‘Ecotherapy’ dining anyone? Try Raintree Hospitality Group’s newly opened Tagaytay restaurant

By Raquel P. Gomez -July 1, 2021


Ecotheraphy or nature therapy is a current trend. Spending time in nature is a relaxing activity, particularly during these pandemic times. But there’s also growing evidence that the natural environment can help relieve symptoms of both physical and psychological in nature.

Places or destinations that feature ecotherapy have recently sprouted, with many of them just outside of Metro Manila, or mere hours drive away from constricting urban jungle.


One recently opened establishment located in Tagaytay has its own take on “ecotherapy” dining.

Raintree Hospitality Group, the name behind restaurants such as Saboten, Providore, and Chotto Matte, has opened its first restaurant in Tagaytay City called the Farmer’s Table.

The project was developed when wellness advocate Cathy Brillantes Turvill offered a prime location for an alfresco garden restaurant within her expansive Tagaytay estate.


Turvill owns Nurture Wellness Village, a premier spa and wellness center in Tagaytay.

The Farmer’s Table is Raintree Hospitality’s response to the stresses of living through a pandemic. Putting up an ecotherapy restaurant inside Nurture Wellness Village was a unique opportunity the group didn’t want to miss, according to Annabella Wisniewski, Raintree Hospitality Group chairperson.

“It became more meaningful during the pandemic as we are able to help alleviate the plight of many struggling people through job creation, and at the same time help lift the low morale of the community through a new and vibrant project,” she said.

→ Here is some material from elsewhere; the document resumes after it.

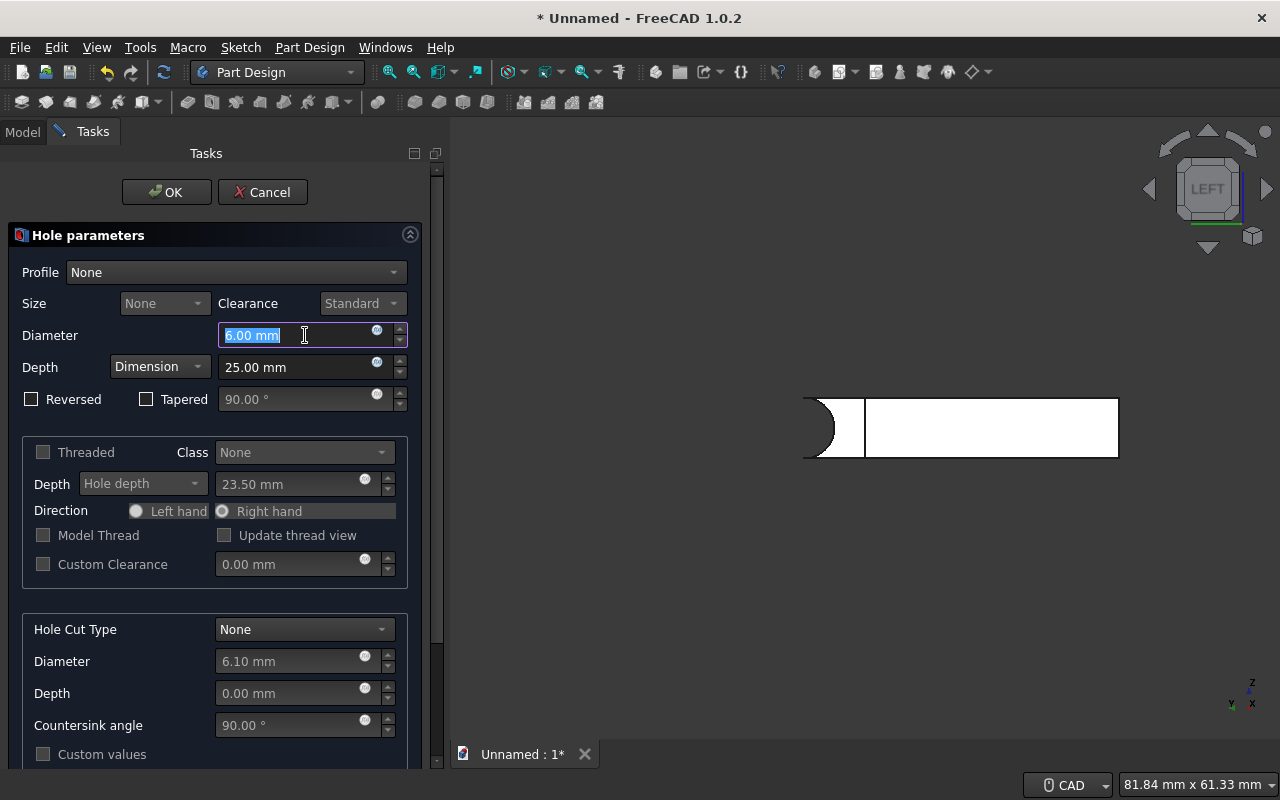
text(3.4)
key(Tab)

The al fresco restaurant is a must-try escape from city living as it features only the freshest vegetables and herbs from Nurture Farmacy, the wellness center’s very own organic farm. The owners shared that the restaurant is their own way of living the locavore way, focusing on fresh and sustainable produce that’s not just good for the body but also for the mind.


Seasoned corporate chef and restaurateur Kalel Chan is the one behind the restaurant’s deliciously healthy dishes.


The Farmer’s Table also aims to support neighboring farmers and suppliers to help boost the local economy.


For example, the restaurant sources its ingredients from crops grown at the farm. Meats and seafood are sourced from surrounding areas in Tagaytay, such as beef and seafood from Batangas, coffee and longganisa from Amadeo. And a local brewery named Monkey Eagle located very near the restaurant supplies the beer, according to Martin Wisniewski, vice president of the Raintree Hospitality Group.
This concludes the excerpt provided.